Monday, May 30, 2011

The Mother Tongue: Bill Bryson on the (Not so) Random Ways of the English Language

Bill Bryson's Mother Tongue was my choice for a book review this month, after April's trip to the United Kingdom. Bryson, a renowned Australian travel writer, deviates from his Aussie adventures towards British vs. American comparisons, to bring us an eclectic, literary, look at English as it progressed from Old English, and as it compares in the UK, North America and Australia.

Four and a half thousands differences exist, he tells us, between "British" and "American" English.  Spelling, the grammar aspect that drives my students crazy, differs so greatly since regions of England had different dialects and accents (and to some extent, still do today). Writers struggled and argued on how to best write the words they knew; later they argued how to simplify them. Even Shakespeare spelled his name multiple ways!  

American vs. British English

The first English dictionary was apparently written in 1721, by Nathaniel Bailey, but was largely incomprehensible to most. Samuel Johnson wrote the first dictionary for the common man, but thought his role to record the language, not correct it (hence spelling irregularities, like "fancy" and "phantom" for the "f" sound, "hark" but "hearken"). 
Noah Webster came along next, a lonely, boastful, religious, patriotic, unsuccessful American lawyer American from Hartford (Bryson 149) and changed the English spellings. At times, he simplified (colour to color) and at other times, he deviated from the pattern (radium and potassium are ok, but the British aluminium was changed to "aluminum". Some phrases such as "different than" instead of "different from" are classified as American in the modern world, but were decidedly British at the time of Dickens and Coleridge!

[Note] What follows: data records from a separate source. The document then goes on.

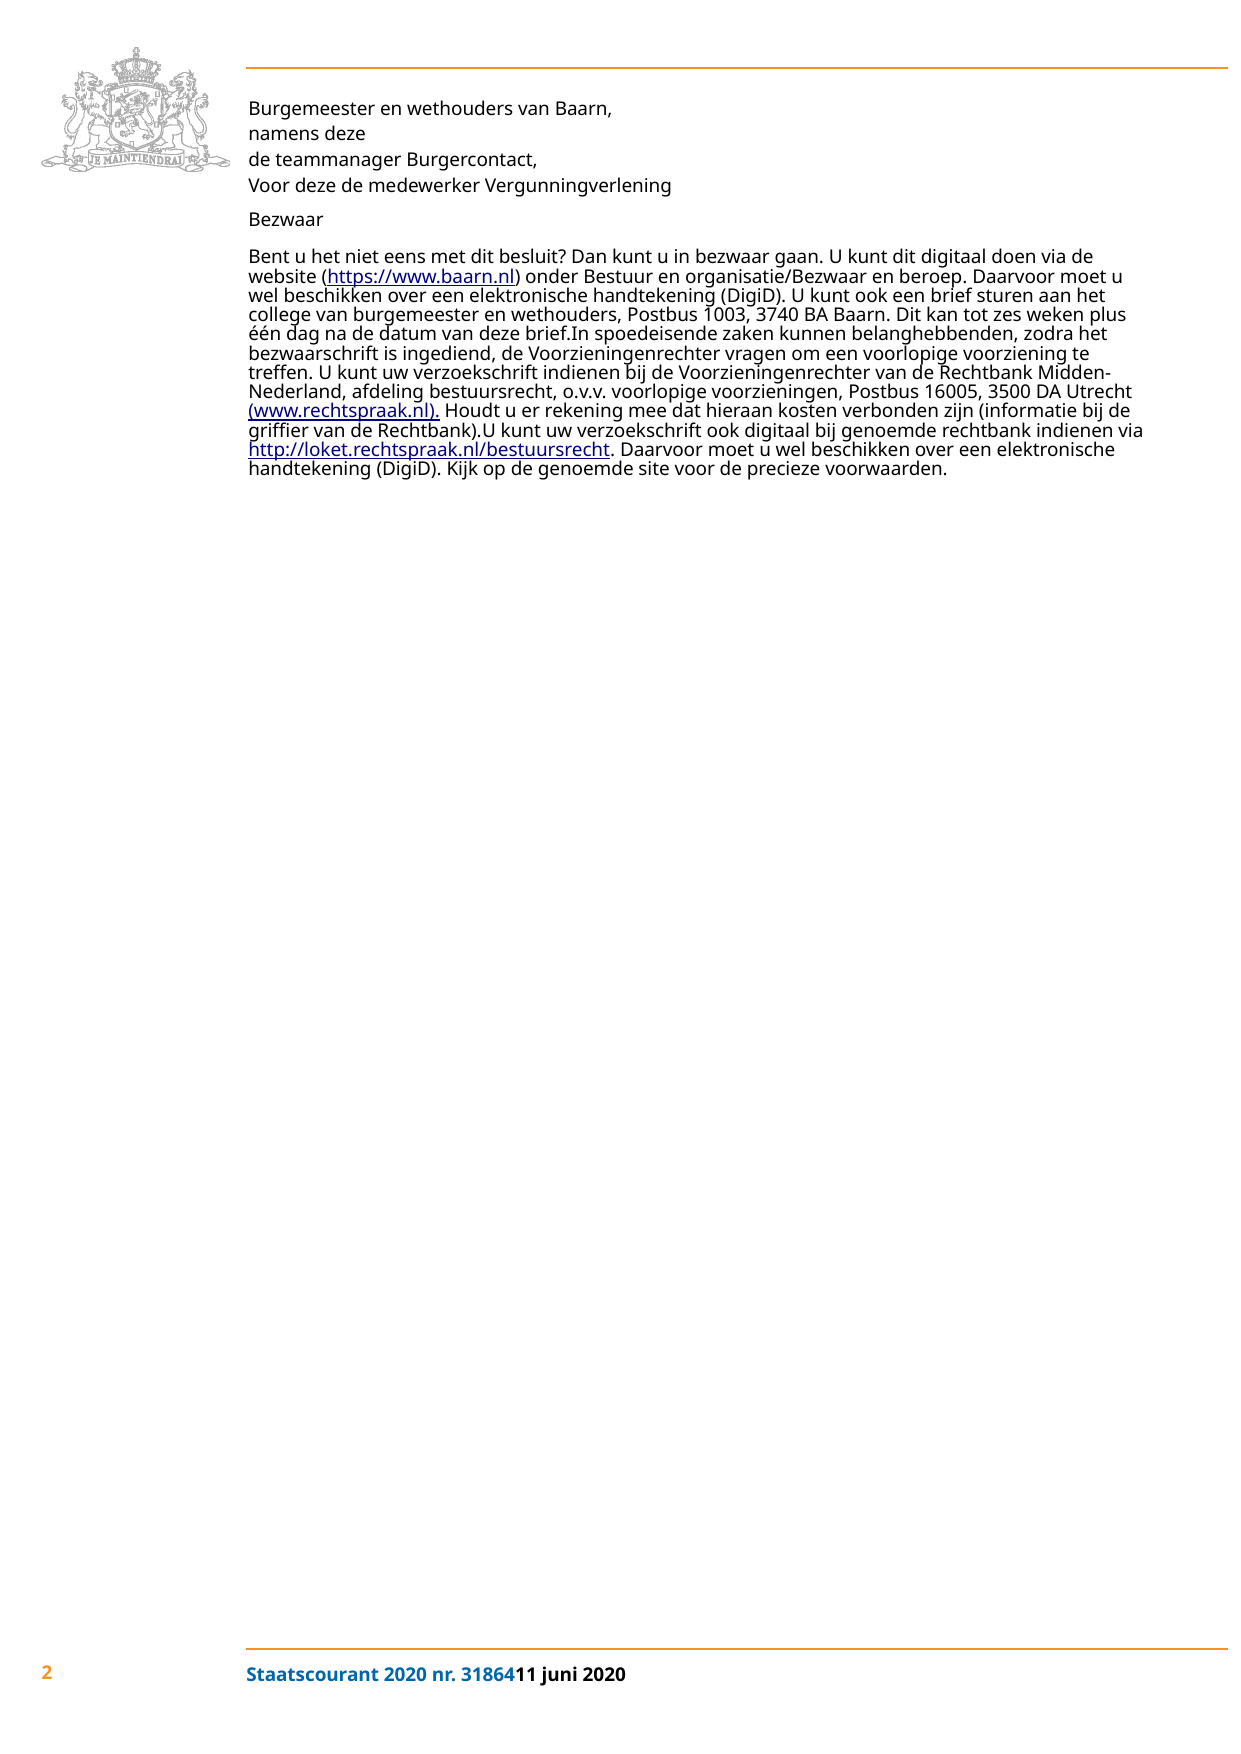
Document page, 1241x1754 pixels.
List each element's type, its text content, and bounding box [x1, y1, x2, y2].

text Burgemeester en wethouders van Baarn, [248, 95, 1152, 121]
text Bezwaar [248, 211, 1152, 231]
text de teammanager Burgercontact, [248, 146, 1152, 172]
text Bent u het niet eens met dit besluit? Dan kunt u in bezwaar gaan. U kunt dit digitaal doen via de website (https://www.baarn.nl) onder Bestuur en organisatie/Bezwaar en beroep. Daarvoor moet u wel beschikken over een elektronische handtekening (DigiD). U kunt ook een brief sturen aan het college van burgemeester en wethouders, Postbus 1003, 3740 BA Baarn. Dit kan tot zes weken plus één dag na de datum van deze brief.In spoedeisende zaken kunnen belanghebbenden, zodra het bezwaarschrift is ingediend, de Voorzieningenrechter vragen om een voorlopige voorziening te treffen. U kunt uw verzoekschrift indienen bij de Voorzieningenrechter van de Rechtbank Midden-Nederland, afdeling bestuursrecht, o.v.v. voorlopige voorzieningen, Postbus 16005, 3500 DA Utrecht (www.rechtspraak.nl). Houdt u er rekening mee dat hieraan kosten verbonden zijn (informatie bij de griffier van de Rechtbank).U kunt uw verzoekschrift ook digitaal bij genoemde rechtbank indienen via http://loket.rechtspraak.nl/bestuursrecht. Daarvoor moet u wel beschikken over een elektronische handtekening (DigiD). Kijk op de genoemde site voor de precieze voorwaarden. [248, 248, 1152, 479]
picture [41, 47, 231, 172]
text namens deze [248, 121, 1152, 146]
text Voor deze de medewerker Vergunningverlening [248, 172, 1152, 198]

It's like language is an ever-changing trend, and different structures come "in and out" of style. While I thoroughly enjoyed this literary journey, I'd say this book is only for those who love literature and history and/or love random facts. They may be historical and "useless" now, but wow are they a conversation starter (okay, for some people...) If you're going to read one page in this book, read the Brit. vs. American chart on page 171 - and learn why a "boot" doesn't always go on your foot and an "estate car" isn't likely to take you anywhere fancy...

For those of you who want to check out Bill Bryson's more "travel" like books, read In Notes from A Small Island; a great adventure. His audio books are popular in the UK (due to the ridiculous amounts of time people spend in traffic). Notes on a Big Country, for example, compares life in America to life in the UK, through hilarious anecdotes.

Thanks, Uncle Steve, for this great book review recommendation!